次に、20人の異なる個体にこの解析を広げられるか調べている。ただ、岐阜培地でうまく行ったからと言って、他の人にも同じ培地が通用するかどうかわからない。そこで、10種類の異なる培地を用いて、比較的平均値に近い培地を探索し、最終的にBryant and Burkey培地70、岐阜培地30を混ぜた培地が最も適していると結論している。実際には、あらゆる可能性が試されない以上、この程度で妥協する必要があるのだろう。

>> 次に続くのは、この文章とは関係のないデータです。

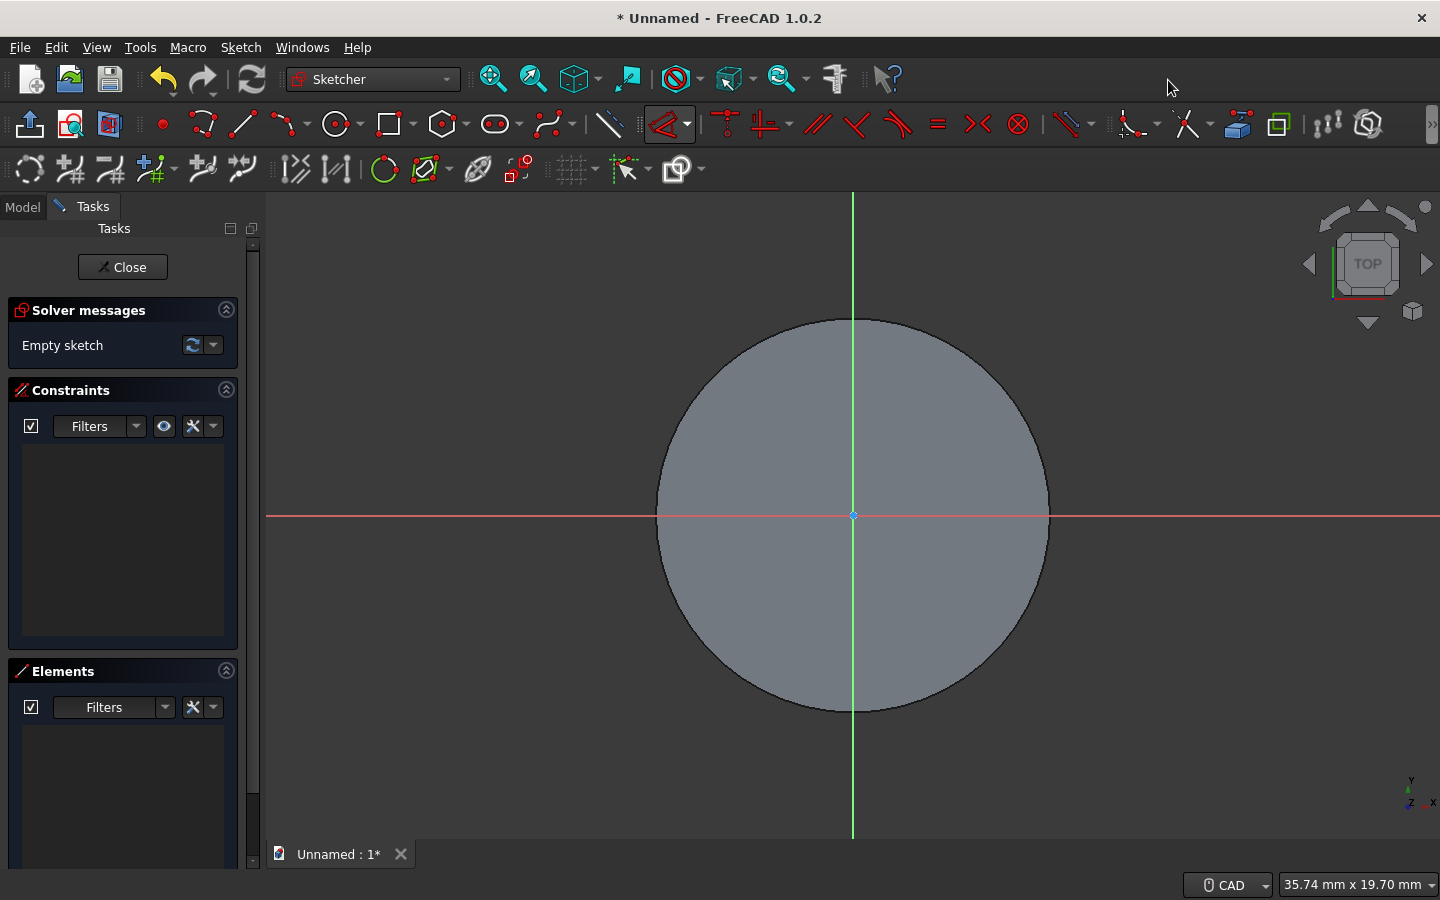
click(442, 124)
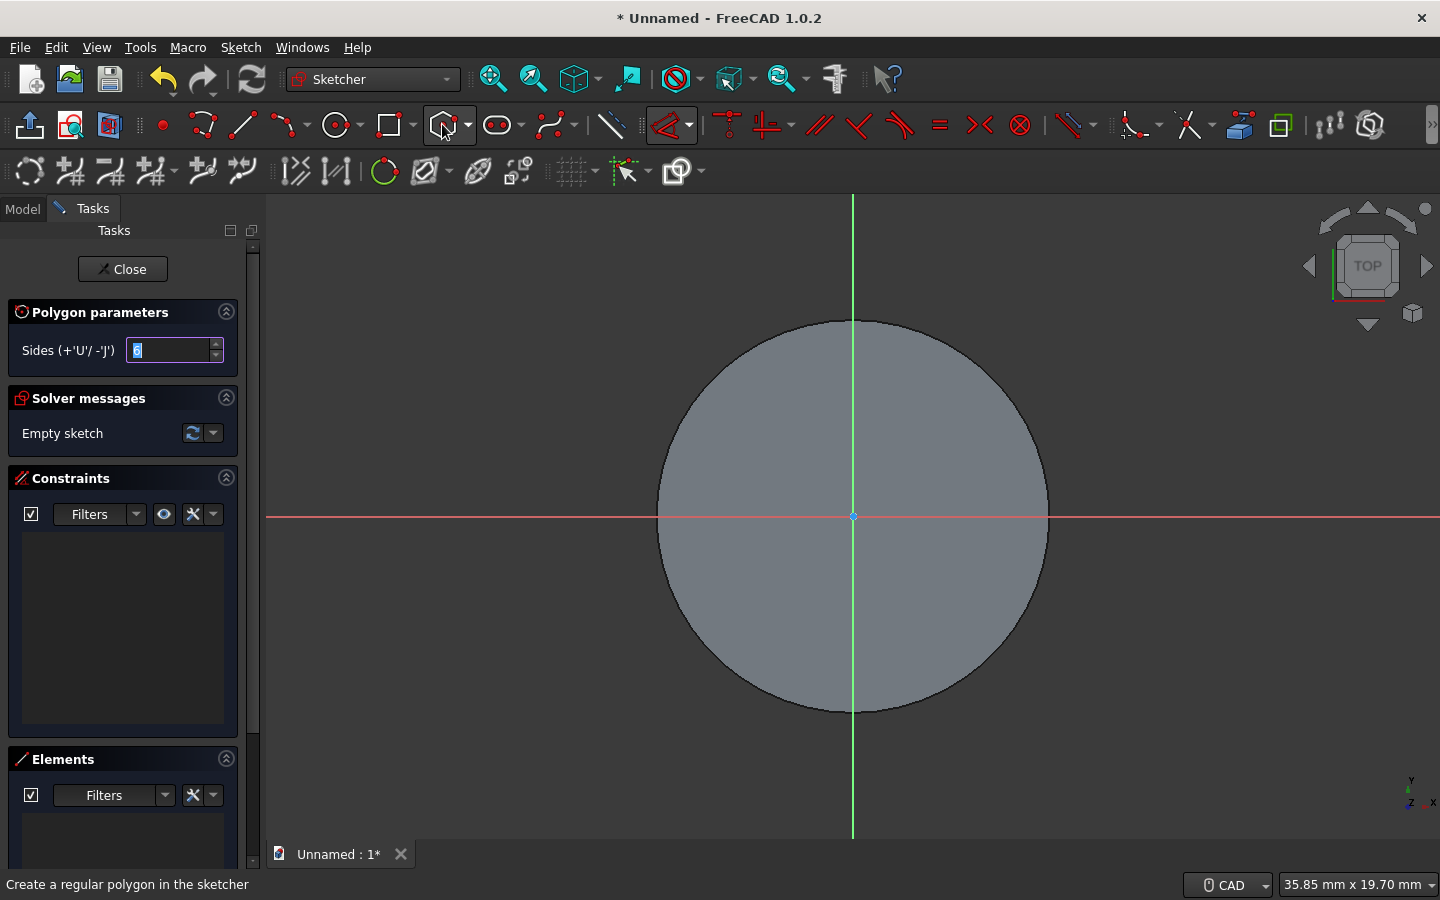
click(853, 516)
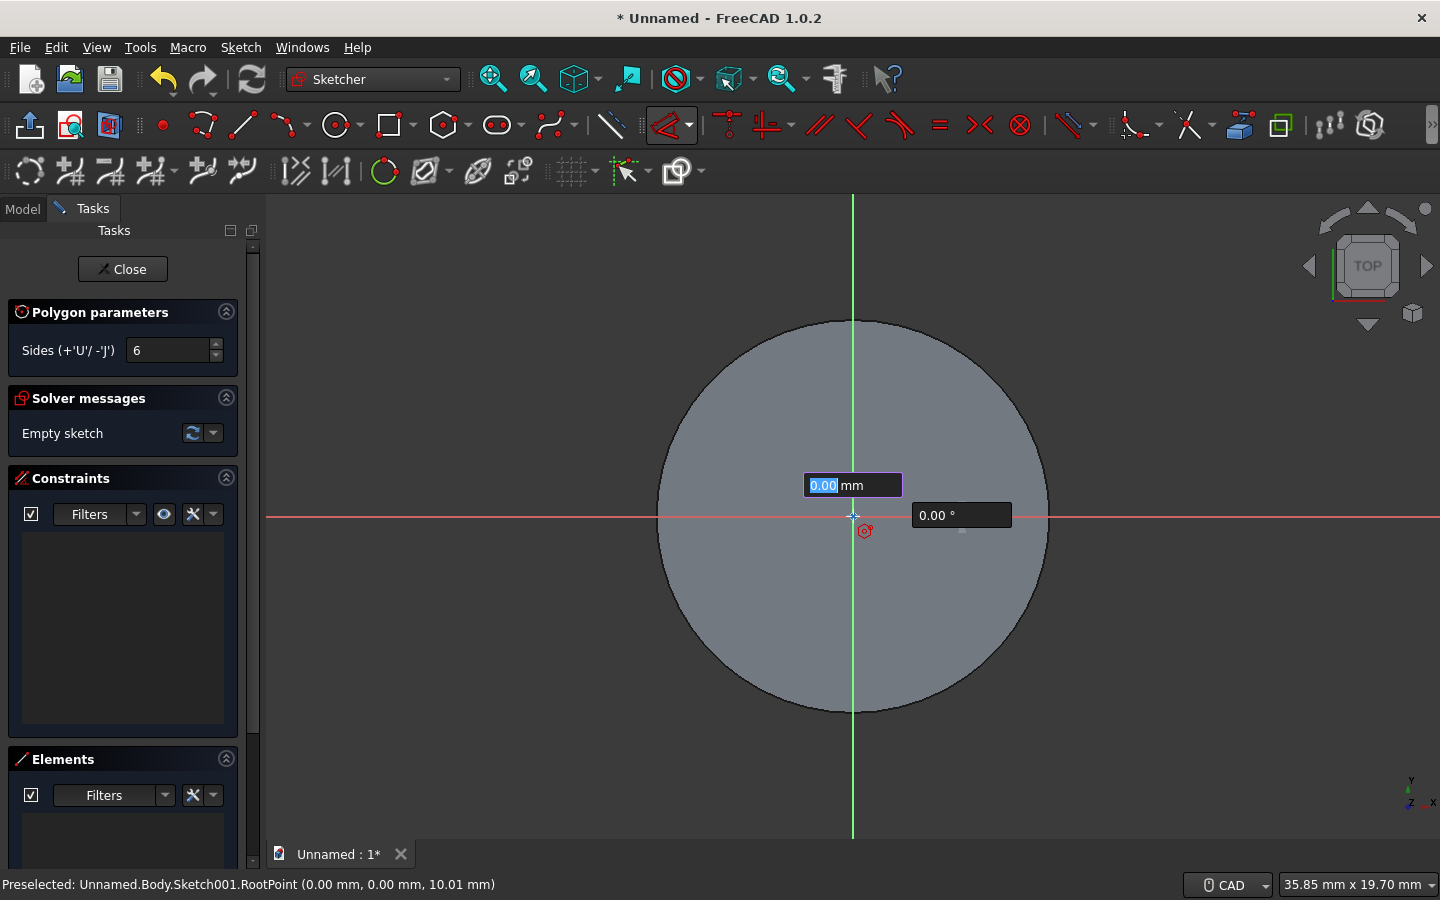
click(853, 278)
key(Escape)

その上で、様々な薬剤の分解について20人の細菌叢を調べている。例えばヒストンアセチル化阻害剤ボリノスタットの分解能は個人ごとに多様だが、強心剤ジゴキシンはほとんどの人が分解できるのに2例の例外があると入った具合で、予想通り、薬剤への細菌叢の影響が大きいことがわかる。
次に、薬剤の分解や代謝に関わる細菌種と分子の特定が問題になるが、これを現在知られているゲノム解析の結果から割り出すのは簡単ではなさそうで、どうしても関連する遺伝子が決まっている薬剤に限られてくる。
この問題を克服するために、この研究ではなんと100万個のバクテリアから発現遺伝子ライブラリーを作り、それを大腸菌に導入してできた機能分子ライブラリーに薬剤を加え、その分解や代謝に関わる分子を特定する可能性について、ステロイドホルモンの分解をモデルに示している。
要するに、できるだけそのまま腸内細菌叢を培養することで、生物学的因果性に関わる研究が可能であることを示そうとした論文だ。もちろん色々問題はあるが、この意気込みと、遺伝子発現スクリーニングまでやった徹底性に脱帽。